In her book, “Animals in Translation;” Dr. Temple Grandin makes the argument that the human brain has gone through three major evolutionary spurts. Each of these brains is responsible for different aspects of our nature, as i see it.
the soul, it seems to me, is a semantic structure born into a political environment; the reptilian aspect is too common, it identifies no freedom. Maybe?
Hi. The ancients knew a lot about human nature: no machines, no computers – I think they saw it clearly, and their perspective is awe inspiring. One of the greatest of these thinkers was Plato, whose definition comes down to us through the ages:
“Man is a featherless biped.”
…Kinda makes you think, doesn’t it?
Of course it was his protege, Aristotle, who defined “nature” as “a principle of movement or rest within a thing”, and his definition for man seems to have had more holding power over man’s thought than Plato’s – through Roman times and into Scholastic thought:
“Man is a rational animal.”
Which works great for Catholics, who believe man’s nature is good, but somehow flawed by Original Sin, distance from God; whose effect is (in part), “the darkening of the intellect, and the weakening of the will”.
That’s human culture,not human nature. Clearly economics, not ecologics. Safety offerings and the delusion of ego. It’s human nature to cut through the bullshit but; you have to be careful not to throw the baby out with the bathwater.
If it were true. Since the beginnings of agriculture, humans have tried to raise their own food in seclusion from the chances of the natural state, like the new art of fish-farming, when resources grow scarce. It’s like that other movie with Will Smith in it, Independence Day, where humanity is horrified by the intentions of the conquering and insatiable aliens. See, human nature, which wrote these movies, can be horrified by it’s own intemperance too.
Second, Clapton is not God. God is Bono … or at least Bonum.
Well, I’m sure we would manufacture them out of something else if possible – like substituting plastics for other materials, or making artificial gems…or substituting hydrogen for gasoline.
Besides, what other animals compete with us for minerals?
But seriously, substituting inorganics for inorganics can last only so long, thus the virus bit was very appropriate. When we finish with the planet we better start mining on another or we are gunna be screwed
Well, if you want to get all legalistic but; i might argue that human culture is not evident in the behavior of a single human organism.

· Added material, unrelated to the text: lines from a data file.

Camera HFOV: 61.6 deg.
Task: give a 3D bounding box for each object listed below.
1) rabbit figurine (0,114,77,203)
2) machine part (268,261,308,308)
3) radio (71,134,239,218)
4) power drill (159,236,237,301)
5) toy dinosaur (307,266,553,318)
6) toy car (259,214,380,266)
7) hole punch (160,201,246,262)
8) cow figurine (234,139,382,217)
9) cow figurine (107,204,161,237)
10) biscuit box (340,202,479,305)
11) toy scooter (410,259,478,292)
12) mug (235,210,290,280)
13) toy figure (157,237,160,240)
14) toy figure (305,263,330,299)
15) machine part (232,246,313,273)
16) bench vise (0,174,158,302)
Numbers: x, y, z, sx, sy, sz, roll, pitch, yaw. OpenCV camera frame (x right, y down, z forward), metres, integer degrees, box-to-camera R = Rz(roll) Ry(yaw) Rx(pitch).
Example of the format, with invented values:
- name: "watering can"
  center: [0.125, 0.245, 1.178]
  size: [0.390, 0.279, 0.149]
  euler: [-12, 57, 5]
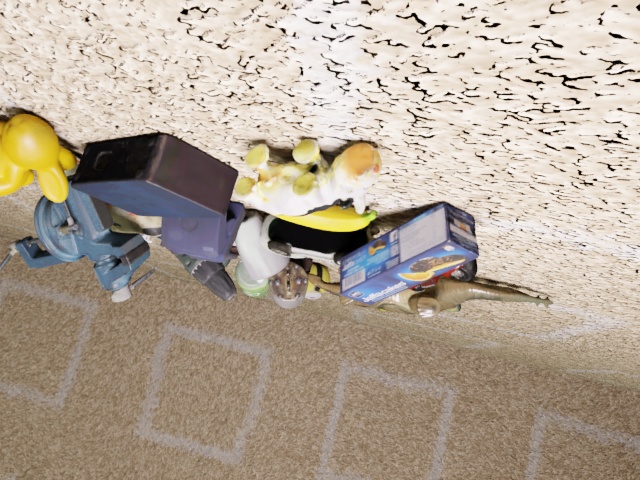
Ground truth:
- name: "rabbit figurine"
  center: [-0.425, -0.114, 0.751]
  size: [0.173, 0.122, 0.162]
  euler: [-18, 145, 32]
- name: "machine part"
  center: [-0.063, 0.093, 1.077]
  size: [0.079, 0.079, 0.243]
  euler: [14, 169, 1]
- name: "radio"
  center: [-0.238, -0.085, 0.757]
  size: [0.230, 0.073, 0.131]
  euler: [2, 162, 41]
- name: "power drill"
  center: [-0.242, 0.035, 1.107]
  size: [0.232, 0.086, 0.207]
  euler: [46, -176, 3]
- name: "toy dinosaur"
  center: [0.196, 0.096, 1.030]
  size: [0.472, 0.105, 0.198]
  euler: [5, 172, 20]
- name: "toy car"
  center: [-0.002, -0.003, 0.850]
  size: [0.202, 0.073, 0.056]
  euler: [9, 164, 22]
- name: "hole punch"
  center: [-0.194, -0.032, 0.865]
  size: [0.142, 0.116, 0.092]
  euler: [11, 159, 15]
- name: "cow figurine"
  center: [-0.001, -0.059, 0.586]
  size: [0.168, 0.068, 0.098]
  euler: [1, 159, 31]
- name: "cow figurine"
  center: [-0.342, -0.045, 0.981]
  size: [0.195, 0.085, 0.127]
  euler: [5, 144, 34]
- name: "biscuit box"
  center: [0.111, 0.025, 0.716]
  size: [0.062, 0.059, 0.203]
  euler: [22, 145, -32]
- name: "toy scooter"
  center: [0.141, 0.030, 0.838]
  size: [0.135, 0.075, 0.184]
  euler: [20, 164, -22]
- name: "mug"
  center: [-0.110, 0.000, 0.947]
  size: [0.081, 0.107, 0.110]
  euler: [-23, -156, 1]
- name: "toy figure"
  center: [-0.331, -0.016, 1.222]
  size: [0.058, 0.064, 0.154]
  euler: [-25, 161, 2]
- name: "toy figure"
  center: [-0.057, 0.079, 1.279]
  size: [0.180, 0.089, 0.082]
  euler: [30, -169, -22]
- name: "machine part"
  center: [-0.101, 0.021, 1.121]
  size: [0.179, 0.056, 0.179]
  euler: [15, 168, 3]
- name: "bench vise"
  center: [-0.410, 0.010, 0.894]
  size: [0.241, 0.129, 0.223]
  euler: [-12, 120, 19]

To skip the semantics, how about we ground some concepts in the structure and function of the brain? Behaviors that result from inate, genetically coded structures could be considered ‘human nature’ and behaviors that result from learned sructures could be ‘human culture.’
I understand that, ultimately, it’s all human nature but; in order to facilitate a critical examination of one’s own culture, i think it makes sense to understand a distinction and its ground.
I’d say that human nature is essentially animalistic - we act on the survival instinct. The fundamental difference between us and other animals is that our functions maintain a level of complexity that allows us to overlook this essential animalism and intellectualise our functions into something greater, in vain. I think we can see traces of this latent animalism within all of our relationships and actions: in the way we choose a mate, in our insistent selfishness, in our desire for our own territory, etc.
human nature; we are all aware/sentiant, we all have conceptions,we all need air/food/water, we are all mortal. beyond that, human life is only limited by economics, physics, biology. some of us adhere to established moral standards(judicial law/ religion)- referance conception(we all belive what we want) that is the base set of charectoristics all humans have, aka our nature.